Exercise goal
Instruction for the data below: set down exactly the lines from the line with "table_cell 02.10.2019 [399, 1508, 689, 1548]" to the line with "table_cell Nacharbeit [130, 1508, 398, 1548]", inclusive, and no others.

Task inputs
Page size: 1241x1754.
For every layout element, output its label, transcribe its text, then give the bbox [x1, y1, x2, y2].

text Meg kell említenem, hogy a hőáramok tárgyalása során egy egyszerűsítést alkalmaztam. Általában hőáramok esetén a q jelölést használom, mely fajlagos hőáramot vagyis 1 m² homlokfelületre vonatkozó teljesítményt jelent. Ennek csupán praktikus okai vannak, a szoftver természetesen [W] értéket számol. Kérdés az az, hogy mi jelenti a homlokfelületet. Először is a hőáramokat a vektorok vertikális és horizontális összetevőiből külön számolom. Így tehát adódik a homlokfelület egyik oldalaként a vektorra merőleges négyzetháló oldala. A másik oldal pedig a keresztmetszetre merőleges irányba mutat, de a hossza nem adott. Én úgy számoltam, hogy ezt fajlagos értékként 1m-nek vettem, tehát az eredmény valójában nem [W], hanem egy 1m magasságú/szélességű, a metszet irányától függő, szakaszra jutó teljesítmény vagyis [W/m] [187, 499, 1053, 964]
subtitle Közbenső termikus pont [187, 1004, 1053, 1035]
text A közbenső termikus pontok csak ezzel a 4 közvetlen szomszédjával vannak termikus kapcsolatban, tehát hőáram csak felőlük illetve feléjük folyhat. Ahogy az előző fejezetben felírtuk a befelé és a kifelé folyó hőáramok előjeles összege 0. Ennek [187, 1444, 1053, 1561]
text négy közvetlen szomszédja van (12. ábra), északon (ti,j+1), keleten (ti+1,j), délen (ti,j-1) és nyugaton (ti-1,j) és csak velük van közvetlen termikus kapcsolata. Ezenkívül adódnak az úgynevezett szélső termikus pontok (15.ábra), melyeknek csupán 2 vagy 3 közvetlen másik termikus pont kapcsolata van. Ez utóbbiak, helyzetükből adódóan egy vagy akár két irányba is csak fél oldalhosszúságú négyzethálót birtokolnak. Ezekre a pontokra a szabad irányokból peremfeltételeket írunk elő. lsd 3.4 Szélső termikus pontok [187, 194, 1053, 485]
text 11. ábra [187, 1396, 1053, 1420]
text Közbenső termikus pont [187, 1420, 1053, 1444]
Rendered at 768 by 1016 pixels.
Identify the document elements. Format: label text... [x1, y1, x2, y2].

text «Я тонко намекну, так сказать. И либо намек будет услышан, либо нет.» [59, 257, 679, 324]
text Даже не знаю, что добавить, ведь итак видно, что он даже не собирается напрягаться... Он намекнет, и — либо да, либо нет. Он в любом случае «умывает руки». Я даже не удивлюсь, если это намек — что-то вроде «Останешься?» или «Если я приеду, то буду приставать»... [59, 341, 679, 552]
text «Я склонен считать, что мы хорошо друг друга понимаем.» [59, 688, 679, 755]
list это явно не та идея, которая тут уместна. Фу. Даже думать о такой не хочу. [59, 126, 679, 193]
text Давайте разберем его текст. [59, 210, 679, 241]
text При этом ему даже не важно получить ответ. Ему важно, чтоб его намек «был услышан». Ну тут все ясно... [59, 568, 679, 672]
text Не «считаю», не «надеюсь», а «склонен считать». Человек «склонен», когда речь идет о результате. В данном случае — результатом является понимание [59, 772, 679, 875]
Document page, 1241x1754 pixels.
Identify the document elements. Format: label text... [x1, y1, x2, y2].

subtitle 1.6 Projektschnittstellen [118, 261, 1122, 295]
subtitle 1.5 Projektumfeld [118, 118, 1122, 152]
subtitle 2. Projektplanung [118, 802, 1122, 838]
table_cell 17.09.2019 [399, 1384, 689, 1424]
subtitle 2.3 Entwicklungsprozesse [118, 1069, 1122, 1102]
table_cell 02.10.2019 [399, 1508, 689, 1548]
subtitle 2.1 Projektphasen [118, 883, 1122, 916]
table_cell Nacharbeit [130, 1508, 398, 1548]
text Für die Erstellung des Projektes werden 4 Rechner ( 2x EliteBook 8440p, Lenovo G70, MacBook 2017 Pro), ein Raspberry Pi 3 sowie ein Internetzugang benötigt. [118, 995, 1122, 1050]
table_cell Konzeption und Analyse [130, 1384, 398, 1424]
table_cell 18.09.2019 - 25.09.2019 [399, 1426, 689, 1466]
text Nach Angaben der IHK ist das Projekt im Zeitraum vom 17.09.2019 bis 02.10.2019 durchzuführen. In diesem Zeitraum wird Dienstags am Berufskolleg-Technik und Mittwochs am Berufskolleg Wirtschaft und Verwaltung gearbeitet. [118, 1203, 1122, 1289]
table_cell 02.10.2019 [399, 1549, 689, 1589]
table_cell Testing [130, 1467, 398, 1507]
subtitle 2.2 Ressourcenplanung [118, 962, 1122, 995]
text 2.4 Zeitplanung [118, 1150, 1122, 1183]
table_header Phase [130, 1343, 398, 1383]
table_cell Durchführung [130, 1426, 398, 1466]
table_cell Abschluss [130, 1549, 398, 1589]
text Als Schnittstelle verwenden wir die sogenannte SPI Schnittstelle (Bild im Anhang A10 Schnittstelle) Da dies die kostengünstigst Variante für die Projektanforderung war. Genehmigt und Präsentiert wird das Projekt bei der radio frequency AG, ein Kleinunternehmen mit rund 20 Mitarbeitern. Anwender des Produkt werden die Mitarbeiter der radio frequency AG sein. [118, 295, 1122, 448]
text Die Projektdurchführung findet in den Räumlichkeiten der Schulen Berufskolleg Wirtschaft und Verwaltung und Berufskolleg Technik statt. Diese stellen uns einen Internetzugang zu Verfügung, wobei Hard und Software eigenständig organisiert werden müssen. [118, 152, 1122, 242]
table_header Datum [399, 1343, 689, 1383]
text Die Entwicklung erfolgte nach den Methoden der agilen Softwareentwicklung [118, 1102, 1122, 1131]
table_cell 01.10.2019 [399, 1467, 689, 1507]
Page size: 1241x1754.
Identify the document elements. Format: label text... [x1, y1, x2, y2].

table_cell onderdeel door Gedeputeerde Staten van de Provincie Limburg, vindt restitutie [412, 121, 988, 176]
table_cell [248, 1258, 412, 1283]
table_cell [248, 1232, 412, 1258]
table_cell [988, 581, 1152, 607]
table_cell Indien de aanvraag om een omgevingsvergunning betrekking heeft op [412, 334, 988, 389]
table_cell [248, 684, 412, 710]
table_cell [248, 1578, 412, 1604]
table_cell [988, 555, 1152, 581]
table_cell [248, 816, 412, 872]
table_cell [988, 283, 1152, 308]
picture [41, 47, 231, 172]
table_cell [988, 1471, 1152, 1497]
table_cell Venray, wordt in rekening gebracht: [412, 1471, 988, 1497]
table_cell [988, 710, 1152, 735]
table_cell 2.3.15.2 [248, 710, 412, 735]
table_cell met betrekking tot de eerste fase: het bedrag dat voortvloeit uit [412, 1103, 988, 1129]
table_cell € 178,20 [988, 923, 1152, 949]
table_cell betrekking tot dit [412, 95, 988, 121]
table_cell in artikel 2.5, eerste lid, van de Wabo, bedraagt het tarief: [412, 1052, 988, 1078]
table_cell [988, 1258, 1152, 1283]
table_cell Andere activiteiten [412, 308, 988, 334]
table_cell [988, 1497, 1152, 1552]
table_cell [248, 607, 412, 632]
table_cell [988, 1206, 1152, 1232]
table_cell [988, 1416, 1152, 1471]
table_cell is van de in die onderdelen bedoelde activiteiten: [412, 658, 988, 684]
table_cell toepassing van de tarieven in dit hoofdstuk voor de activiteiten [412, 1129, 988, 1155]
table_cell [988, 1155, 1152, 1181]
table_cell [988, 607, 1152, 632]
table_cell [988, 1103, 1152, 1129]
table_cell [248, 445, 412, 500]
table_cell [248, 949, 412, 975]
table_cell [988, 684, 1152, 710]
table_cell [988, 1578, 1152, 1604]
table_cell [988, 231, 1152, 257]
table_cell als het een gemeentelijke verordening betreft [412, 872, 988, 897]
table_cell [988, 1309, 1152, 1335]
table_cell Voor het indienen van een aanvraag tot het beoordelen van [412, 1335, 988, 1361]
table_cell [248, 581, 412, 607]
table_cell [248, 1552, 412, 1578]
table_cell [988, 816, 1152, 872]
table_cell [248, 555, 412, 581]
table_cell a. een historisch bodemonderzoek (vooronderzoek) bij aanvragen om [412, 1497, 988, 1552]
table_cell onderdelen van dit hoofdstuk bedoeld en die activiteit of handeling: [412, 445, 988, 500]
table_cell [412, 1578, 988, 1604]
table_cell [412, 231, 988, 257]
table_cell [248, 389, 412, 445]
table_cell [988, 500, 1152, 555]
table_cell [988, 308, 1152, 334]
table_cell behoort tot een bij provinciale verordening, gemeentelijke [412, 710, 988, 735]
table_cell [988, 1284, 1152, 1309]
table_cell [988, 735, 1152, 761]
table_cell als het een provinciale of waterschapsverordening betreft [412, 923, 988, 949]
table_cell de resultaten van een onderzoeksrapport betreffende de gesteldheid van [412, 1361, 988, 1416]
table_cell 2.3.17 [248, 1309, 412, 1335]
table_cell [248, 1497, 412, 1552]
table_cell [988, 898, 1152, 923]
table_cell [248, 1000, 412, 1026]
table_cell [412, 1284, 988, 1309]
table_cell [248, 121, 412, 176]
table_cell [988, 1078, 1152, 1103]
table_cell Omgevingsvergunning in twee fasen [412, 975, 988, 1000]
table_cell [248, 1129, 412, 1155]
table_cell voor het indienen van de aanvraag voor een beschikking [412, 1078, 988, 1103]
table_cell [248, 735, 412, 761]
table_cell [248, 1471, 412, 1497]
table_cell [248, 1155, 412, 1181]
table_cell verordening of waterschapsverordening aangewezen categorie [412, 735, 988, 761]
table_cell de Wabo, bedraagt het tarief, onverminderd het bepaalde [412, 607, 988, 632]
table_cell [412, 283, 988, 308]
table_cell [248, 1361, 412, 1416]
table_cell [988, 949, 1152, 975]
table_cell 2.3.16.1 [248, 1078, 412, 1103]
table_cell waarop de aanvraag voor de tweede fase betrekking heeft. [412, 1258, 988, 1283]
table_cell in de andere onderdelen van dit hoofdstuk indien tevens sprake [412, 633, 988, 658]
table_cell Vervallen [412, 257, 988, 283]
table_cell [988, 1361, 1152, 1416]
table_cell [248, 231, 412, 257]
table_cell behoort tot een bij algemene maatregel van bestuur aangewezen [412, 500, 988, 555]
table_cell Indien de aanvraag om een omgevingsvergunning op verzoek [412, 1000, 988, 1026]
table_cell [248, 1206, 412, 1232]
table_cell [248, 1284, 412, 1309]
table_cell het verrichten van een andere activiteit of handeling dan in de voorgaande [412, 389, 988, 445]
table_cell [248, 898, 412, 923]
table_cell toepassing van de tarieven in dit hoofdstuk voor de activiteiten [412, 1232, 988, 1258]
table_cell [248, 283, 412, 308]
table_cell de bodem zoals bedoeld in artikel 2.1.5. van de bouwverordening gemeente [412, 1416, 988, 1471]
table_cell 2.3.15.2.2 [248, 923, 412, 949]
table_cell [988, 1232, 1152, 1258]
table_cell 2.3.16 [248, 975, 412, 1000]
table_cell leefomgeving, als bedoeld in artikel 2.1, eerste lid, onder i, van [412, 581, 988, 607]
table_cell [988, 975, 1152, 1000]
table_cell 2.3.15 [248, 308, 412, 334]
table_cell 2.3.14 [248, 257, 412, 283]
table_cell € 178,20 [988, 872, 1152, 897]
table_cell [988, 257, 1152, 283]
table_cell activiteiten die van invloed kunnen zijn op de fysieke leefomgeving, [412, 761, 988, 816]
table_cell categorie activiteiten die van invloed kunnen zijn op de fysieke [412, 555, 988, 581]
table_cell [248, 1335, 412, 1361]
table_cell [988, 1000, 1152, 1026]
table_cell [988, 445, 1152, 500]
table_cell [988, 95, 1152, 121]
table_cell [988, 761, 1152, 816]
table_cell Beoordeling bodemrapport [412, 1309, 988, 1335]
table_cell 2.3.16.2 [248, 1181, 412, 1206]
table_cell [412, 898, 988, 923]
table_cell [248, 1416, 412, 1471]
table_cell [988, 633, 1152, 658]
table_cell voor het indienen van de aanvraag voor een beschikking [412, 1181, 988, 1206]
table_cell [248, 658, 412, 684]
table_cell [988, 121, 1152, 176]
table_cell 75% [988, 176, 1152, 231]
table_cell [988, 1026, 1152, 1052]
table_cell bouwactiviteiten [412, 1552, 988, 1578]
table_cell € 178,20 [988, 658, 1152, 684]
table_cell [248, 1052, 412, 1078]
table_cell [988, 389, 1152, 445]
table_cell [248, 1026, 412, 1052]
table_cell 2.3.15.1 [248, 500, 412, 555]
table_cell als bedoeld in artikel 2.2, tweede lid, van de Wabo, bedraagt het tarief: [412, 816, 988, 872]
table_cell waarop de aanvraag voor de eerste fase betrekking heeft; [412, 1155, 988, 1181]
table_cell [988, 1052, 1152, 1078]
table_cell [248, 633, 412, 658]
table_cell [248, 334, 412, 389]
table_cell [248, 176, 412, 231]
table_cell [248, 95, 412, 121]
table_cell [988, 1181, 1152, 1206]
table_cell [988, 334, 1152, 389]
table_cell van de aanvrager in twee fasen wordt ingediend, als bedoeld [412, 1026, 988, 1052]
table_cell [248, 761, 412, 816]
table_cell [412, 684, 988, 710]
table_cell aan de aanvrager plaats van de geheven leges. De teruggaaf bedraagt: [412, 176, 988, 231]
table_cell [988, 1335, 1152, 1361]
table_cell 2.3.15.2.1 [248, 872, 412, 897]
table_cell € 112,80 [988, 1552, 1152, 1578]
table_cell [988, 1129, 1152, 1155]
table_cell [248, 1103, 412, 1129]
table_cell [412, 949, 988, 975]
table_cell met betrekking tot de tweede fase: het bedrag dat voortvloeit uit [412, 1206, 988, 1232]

Task solution
table_cell 02.10.2019 [399, 1508, 689, 1548]
subtitle 2.1 Projektphasen [118, 883, 1122, 916]
table_cell Nacharbeit [130, 1508, 398, 1548]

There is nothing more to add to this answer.